Backreacted Coulomb energy in the Skyrme model

TL;DR

This paper extends the Skyrme model with electromagnetic interactions, analyzing Coulomb backreaction effects on Skyrmions of various baryon numbers, and finds good agreement with experimental nuclear data.

Contribution

It introduces a Maxwell extension with source terms to the Skyrme model and studies backreaction effects on Skyrmions, revealing size-dependent Coulomb influences and improved mass predictions.

Findings

Coulomb backreaction is more significant for larger Skyrmions.

Model predictions for Skyrmion masses agree within 1.86% of experimental data.

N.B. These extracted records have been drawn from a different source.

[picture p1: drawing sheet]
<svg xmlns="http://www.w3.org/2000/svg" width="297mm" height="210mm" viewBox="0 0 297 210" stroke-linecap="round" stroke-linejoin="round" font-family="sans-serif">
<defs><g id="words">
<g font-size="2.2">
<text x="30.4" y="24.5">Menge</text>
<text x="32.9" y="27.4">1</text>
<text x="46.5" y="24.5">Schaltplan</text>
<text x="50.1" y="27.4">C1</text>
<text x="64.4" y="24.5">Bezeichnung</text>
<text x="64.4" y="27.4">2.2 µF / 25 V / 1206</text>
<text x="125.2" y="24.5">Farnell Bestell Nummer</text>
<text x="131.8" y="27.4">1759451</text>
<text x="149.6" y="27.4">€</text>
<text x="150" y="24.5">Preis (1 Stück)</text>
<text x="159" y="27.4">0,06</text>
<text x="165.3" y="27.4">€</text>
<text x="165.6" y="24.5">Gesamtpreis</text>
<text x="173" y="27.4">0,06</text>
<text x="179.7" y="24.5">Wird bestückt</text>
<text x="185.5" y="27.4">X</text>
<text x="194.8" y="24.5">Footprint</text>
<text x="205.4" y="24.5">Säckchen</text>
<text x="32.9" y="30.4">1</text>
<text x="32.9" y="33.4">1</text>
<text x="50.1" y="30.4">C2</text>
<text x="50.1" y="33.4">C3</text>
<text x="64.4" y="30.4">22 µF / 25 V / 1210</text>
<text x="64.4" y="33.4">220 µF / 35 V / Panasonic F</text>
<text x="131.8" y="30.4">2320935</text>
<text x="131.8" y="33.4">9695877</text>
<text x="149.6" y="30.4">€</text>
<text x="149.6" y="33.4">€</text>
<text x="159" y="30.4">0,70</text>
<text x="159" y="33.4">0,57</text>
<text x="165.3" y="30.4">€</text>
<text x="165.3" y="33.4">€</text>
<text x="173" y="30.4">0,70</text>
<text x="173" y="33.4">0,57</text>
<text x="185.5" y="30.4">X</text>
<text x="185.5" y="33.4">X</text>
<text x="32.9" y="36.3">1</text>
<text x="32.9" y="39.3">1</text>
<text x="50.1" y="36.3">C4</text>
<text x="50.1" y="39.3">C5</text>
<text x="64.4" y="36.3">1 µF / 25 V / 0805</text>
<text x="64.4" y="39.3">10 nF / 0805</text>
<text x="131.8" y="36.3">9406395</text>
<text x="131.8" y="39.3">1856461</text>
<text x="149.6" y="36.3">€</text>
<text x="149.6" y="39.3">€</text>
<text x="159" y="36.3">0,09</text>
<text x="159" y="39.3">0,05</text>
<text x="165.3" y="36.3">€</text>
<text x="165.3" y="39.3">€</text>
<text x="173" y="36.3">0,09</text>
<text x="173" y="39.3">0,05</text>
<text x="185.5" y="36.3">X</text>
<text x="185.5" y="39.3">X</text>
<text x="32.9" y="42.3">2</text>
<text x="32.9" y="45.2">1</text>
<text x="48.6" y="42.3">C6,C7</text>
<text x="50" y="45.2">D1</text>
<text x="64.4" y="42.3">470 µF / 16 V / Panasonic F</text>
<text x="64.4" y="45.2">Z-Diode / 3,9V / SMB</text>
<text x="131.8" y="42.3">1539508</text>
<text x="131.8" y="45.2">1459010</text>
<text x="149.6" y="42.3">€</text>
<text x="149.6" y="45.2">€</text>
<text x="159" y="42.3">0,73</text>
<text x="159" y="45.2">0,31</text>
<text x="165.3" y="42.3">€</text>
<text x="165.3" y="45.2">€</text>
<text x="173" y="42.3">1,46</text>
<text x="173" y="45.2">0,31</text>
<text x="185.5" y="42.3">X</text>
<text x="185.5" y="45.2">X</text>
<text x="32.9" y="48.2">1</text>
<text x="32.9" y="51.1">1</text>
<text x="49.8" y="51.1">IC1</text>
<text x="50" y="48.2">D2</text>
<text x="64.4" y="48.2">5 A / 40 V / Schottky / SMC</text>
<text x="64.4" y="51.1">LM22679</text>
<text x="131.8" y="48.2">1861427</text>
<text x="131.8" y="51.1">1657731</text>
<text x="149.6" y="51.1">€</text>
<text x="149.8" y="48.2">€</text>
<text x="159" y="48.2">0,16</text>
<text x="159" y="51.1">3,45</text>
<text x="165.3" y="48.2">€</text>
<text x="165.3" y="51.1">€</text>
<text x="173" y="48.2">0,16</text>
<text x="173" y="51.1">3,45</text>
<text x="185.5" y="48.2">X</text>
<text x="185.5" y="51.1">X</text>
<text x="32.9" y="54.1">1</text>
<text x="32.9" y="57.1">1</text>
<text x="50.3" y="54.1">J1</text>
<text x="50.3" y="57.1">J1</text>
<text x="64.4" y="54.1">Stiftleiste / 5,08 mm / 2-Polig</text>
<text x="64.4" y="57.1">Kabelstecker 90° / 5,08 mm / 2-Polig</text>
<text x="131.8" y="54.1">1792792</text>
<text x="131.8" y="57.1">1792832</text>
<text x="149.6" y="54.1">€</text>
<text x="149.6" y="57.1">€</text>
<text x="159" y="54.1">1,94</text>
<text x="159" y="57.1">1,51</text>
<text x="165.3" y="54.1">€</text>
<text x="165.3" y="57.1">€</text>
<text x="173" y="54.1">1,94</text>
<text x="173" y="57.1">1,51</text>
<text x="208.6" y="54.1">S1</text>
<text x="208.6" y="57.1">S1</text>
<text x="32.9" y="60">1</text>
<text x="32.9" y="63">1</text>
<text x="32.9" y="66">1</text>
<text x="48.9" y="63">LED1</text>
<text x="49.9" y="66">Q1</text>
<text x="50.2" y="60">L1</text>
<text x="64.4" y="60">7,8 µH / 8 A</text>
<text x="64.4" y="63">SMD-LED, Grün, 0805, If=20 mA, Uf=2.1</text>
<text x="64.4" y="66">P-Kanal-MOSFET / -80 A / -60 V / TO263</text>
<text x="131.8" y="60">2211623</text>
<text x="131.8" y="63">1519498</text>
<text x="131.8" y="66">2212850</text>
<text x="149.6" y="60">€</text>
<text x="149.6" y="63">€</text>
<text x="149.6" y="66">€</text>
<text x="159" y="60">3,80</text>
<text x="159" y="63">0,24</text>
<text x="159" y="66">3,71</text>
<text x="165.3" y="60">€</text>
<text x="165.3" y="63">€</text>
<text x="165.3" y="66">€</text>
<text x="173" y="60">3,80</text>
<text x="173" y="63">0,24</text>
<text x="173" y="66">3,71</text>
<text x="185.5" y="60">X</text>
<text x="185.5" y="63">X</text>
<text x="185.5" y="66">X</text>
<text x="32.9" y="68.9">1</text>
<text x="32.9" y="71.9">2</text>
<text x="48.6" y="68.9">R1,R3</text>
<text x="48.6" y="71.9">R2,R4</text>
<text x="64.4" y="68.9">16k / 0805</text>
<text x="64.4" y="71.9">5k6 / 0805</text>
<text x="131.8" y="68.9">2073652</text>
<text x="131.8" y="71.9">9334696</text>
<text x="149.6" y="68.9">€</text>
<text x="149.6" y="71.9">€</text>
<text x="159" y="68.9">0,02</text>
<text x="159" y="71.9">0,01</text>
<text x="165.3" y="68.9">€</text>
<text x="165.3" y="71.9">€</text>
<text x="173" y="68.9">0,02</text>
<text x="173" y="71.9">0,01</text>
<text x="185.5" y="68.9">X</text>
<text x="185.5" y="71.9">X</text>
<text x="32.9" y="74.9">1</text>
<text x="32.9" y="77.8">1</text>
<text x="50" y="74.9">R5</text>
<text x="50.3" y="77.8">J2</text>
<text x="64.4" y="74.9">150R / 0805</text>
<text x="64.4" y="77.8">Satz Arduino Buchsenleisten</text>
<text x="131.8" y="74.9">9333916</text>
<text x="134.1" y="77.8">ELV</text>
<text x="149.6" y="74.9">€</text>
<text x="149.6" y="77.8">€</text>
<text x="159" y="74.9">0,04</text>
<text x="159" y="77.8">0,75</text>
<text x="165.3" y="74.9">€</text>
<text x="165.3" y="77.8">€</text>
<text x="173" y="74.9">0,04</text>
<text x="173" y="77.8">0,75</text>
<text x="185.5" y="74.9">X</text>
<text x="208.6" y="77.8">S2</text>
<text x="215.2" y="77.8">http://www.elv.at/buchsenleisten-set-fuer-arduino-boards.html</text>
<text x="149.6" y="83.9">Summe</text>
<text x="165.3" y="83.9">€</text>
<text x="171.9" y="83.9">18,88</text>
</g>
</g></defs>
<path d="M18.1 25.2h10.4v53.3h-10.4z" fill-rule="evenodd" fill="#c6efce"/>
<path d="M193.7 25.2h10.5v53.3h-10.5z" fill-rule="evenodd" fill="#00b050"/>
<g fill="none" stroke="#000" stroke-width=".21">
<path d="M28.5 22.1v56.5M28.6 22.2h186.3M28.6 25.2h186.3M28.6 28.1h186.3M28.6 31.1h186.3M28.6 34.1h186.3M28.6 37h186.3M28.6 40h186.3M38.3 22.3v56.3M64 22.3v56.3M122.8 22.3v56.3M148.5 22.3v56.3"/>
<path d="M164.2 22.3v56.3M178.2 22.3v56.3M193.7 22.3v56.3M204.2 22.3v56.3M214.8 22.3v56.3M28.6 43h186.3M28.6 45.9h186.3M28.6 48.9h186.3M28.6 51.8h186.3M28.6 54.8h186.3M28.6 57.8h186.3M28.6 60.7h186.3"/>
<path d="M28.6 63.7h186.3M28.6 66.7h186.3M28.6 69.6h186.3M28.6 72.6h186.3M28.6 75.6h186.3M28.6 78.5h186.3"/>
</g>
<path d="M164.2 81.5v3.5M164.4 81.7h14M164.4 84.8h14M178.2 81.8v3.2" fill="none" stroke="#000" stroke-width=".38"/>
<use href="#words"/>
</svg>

Radii predictions are within 15% of experimental measurements.

Abstract

The Skyrme model is extended with the Maxwell action and a source term for the gauge field. We consider the specialized case of vanishing isospin states, such that only an electric potential is turned on and study the backreaction onto the Skyrme fields. In particular, we study Skyrmions with baryon numbers B=4,8,12,16 and 40. We find, in agreement with physical expectations, that the Coulomb backreaction is most pronounced for large Skyrmions and find furthermore that the dynamics of the theory is more sensitive to the backreaction than the ground states (global minimizers of the energy). Calibrating the model to Carbon-12, we find excellent agreement of the masses of the studied Skyrmions - within 1.86% of experimental data. The Coulomb energies are slightly larger than phenomenological fits suggest, but only by about 3-22%, whereas the radii are within 15% errors, with the largest errors on the smallest baryon number (B=4) and the smallest errors on the large baryon numbers.